- EXERCISE DESCRIPTION
Locate the line that contains "Here's the drawing" in the entries below, then repeat it and every following line through the line that contains "Q3. Imagine slicing", exactly, and no others.
- - - - - - -
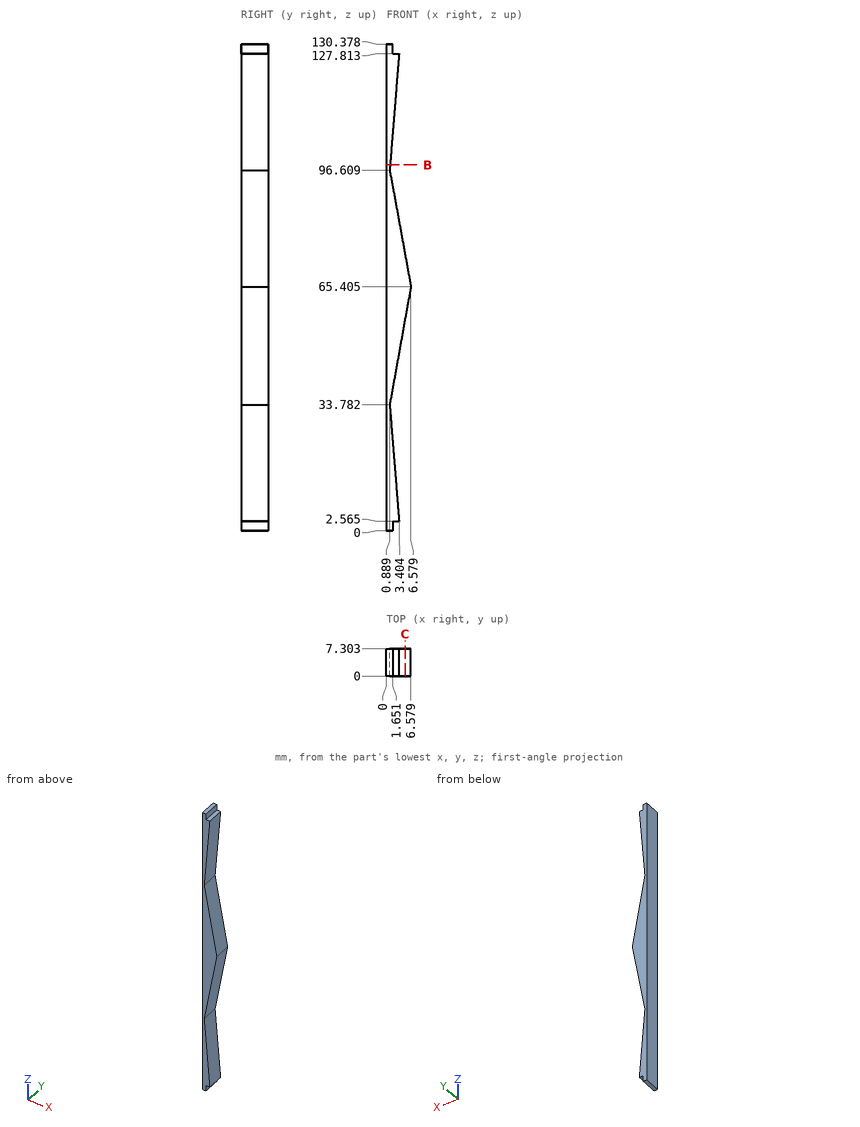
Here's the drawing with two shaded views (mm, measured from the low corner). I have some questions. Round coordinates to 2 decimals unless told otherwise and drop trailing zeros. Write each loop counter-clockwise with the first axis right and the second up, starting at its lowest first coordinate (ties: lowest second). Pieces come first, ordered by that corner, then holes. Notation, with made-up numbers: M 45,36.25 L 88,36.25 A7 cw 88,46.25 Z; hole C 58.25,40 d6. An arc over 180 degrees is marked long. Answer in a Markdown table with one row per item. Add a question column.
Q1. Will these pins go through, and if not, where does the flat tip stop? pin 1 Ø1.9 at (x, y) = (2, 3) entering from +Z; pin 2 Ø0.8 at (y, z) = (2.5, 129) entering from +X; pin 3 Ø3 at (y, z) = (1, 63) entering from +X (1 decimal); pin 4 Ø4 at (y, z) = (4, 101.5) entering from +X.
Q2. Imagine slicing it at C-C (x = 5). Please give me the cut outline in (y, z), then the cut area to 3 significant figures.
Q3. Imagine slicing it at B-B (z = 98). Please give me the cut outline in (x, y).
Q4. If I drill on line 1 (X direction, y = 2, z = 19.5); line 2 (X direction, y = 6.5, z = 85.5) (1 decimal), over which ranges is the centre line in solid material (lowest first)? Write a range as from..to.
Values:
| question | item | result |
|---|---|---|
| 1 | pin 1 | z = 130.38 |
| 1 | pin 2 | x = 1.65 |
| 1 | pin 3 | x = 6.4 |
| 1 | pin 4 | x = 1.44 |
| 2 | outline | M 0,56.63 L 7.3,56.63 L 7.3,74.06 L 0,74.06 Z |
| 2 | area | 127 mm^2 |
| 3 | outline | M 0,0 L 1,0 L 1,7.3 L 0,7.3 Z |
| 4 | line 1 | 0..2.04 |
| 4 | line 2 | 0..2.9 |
- - - - - - -
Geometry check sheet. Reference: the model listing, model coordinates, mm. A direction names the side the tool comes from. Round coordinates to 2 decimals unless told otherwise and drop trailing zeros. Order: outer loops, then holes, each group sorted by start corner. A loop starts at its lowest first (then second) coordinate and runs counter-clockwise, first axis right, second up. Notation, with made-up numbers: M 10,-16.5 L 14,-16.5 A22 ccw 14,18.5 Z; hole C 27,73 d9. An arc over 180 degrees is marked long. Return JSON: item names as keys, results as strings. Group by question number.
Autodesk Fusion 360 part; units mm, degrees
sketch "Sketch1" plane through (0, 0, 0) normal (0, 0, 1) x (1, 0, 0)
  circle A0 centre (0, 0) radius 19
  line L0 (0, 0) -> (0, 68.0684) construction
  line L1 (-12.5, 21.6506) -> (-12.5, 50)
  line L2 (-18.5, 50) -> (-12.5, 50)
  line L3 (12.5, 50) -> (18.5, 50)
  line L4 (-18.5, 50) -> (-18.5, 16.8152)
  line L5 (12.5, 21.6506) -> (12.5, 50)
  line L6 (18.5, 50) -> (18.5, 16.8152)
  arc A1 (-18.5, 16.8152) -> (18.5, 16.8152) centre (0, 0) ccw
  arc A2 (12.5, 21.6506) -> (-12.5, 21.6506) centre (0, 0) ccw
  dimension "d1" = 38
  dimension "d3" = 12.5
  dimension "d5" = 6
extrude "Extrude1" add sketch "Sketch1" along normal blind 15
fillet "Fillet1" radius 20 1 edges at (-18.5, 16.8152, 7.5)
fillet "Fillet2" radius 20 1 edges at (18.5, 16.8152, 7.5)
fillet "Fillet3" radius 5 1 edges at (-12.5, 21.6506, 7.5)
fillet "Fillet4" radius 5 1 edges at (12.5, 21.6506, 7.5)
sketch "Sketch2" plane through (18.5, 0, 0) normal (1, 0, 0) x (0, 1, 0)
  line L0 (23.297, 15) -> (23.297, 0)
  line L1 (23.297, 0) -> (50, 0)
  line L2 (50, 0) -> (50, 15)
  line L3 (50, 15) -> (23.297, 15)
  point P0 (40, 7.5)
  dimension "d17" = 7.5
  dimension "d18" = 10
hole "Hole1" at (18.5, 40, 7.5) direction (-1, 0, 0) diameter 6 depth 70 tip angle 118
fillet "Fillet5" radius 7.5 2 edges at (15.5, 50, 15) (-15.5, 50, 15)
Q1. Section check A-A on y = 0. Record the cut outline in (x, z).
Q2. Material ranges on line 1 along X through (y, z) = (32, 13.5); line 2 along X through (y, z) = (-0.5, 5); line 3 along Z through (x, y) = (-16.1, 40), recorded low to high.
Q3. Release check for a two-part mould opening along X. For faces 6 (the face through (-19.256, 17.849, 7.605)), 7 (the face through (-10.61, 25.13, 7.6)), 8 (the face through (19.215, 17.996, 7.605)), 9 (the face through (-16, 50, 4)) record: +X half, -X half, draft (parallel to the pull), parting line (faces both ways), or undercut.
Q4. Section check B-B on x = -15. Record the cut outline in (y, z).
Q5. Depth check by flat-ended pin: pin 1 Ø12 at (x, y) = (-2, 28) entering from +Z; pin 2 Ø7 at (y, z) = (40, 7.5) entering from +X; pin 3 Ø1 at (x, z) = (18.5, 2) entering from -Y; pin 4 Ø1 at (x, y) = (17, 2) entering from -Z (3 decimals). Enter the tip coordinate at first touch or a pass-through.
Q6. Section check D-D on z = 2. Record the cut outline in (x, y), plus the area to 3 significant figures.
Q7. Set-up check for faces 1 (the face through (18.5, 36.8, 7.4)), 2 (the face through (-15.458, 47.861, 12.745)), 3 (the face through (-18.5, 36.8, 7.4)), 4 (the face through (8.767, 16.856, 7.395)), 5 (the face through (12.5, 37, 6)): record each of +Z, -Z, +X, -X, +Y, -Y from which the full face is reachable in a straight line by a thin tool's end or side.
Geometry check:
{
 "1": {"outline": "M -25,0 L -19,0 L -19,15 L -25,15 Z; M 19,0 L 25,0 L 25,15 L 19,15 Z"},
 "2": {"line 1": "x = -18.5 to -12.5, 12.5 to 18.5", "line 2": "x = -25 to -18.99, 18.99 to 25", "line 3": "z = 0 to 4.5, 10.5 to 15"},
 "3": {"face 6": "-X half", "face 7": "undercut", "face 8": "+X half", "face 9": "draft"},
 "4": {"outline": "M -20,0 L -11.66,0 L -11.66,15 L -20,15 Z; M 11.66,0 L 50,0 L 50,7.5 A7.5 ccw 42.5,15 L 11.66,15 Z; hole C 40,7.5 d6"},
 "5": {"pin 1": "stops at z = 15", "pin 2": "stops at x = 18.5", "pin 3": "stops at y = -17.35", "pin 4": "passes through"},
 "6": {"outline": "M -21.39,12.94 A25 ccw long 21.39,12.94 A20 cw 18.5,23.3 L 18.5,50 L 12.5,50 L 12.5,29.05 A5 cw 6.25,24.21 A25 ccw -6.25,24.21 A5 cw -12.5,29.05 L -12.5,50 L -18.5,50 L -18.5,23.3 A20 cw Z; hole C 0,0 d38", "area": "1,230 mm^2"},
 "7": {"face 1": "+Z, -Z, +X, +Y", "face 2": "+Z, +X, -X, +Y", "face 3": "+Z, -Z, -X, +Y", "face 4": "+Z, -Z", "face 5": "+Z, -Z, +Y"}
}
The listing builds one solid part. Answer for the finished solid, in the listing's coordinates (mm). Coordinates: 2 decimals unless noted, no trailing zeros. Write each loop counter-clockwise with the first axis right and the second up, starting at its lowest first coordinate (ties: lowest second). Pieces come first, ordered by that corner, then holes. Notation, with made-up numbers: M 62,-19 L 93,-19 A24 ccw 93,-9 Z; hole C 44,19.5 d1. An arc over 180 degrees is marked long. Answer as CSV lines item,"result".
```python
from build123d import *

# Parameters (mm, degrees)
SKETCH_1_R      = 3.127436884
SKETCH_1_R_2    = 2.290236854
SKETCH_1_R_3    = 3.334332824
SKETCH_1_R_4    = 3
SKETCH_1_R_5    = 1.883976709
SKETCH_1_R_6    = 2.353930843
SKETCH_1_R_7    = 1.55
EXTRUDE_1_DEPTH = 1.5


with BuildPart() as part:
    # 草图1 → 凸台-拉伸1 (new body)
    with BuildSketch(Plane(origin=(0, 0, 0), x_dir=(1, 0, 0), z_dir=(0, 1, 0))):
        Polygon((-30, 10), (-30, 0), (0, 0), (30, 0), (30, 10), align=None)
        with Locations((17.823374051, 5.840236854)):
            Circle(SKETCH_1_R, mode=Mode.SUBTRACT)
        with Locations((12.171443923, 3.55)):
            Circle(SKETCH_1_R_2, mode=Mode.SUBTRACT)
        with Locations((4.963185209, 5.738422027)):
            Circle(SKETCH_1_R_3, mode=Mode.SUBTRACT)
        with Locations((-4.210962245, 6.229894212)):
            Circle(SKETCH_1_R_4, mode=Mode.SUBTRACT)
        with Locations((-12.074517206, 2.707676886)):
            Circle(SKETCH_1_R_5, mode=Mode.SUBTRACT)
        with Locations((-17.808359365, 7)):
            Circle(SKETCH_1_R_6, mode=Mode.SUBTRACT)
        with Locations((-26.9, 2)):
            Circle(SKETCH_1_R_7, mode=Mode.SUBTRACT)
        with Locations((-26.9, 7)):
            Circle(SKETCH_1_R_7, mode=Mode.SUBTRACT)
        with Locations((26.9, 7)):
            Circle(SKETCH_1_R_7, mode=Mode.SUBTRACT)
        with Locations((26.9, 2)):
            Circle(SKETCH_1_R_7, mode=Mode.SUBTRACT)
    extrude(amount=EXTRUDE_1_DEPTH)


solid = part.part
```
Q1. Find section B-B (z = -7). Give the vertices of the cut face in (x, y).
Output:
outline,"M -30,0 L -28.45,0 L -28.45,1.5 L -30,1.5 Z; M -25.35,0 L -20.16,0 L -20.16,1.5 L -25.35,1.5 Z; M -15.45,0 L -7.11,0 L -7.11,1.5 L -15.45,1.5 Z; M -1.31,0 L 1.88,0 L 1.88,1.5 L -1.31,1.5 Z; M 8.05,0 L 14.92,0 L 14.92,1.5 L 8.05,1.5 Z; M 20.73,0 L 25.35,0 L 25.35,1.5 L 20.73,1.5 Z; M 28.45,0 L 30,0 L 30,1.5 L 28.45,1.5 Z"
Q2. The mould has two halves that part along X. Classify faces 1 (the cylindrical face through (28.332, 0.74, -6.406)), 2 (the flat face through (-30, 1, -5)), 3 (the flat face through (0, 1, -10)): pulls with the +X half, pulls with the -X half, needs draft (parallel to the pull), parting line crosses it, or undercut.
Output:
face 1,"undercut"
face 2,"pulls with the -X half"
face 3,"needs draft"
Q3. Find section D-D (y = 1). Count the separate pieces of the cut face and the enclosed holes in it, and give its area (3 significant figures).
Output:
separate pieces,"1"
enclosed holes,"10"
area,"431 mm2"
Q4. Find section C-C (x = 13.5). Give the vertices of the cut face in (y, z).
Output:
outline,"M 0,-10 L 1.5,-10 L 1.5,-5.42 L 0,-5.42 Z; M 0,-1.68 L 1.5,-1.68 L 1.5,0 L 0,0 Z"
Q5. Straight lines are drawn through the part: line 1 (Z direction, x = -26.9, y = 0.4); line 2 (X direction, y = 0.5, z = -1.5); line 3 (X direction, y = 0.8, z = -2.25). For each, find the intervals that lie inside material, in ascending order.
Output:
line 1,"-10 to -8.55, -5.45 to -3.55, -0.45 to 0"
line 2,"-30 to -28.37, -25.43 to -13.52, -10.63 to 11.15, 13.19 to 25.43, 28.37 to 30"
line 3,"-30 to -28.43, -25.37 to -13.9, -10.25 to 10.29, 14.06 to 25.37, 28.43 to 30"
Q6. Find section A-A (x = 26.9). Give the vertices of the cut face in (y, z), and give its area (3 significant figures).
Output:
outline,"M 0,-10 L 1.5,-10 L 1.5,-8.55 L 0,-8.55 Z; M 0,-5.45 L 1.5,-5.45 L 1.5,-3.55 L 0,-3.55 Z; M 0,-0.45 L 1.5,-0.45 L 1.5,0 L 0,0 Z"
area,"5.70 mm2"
- - - - - - -
- EXPECTED ANSWER
Here's the drawing with two shaded views (mm, measured from the low corner). I have some questions. Round coordinates to 2 decimals unless told otherwise and drop trailing zeros. Write each loop counter-clockwise with the first axis right and the second up, starting at its lowest first coordinate (ties: lowest second). Pieces come first, ordered by that corner, then holes. Notation, with made-up numbers: M 45,36.25 L 88,36.25 A7 cw 88,46.25 Z; hole C 58.25,40 d6. An arc over 180 degrees is marked long. Answer in a Markdown table with one row per item. Add a question column.
Q1. Will these pins go through, and if not, where does the flat tip stop? pin 1 Ø1.9 at (x, y) = (2, 3) entering from +Z; pin 2 Ø0.8 at (y, z) = (2.5, 129) entering from +X; pin 3 Ø3 at (y, z) = (1, 63) entering from +X (1 decimal); pin 4 Ø4 at (y, z) = (4, 101.5) entering from +X.
Q2. Imagine slicing it at C-C (x = 5). Please give me the cut outline in (y, z), then the cut area to 3 significant figures.
Q3. Imagine slicing it at B-B (z = 98). Please give me the cut outline in (x, y).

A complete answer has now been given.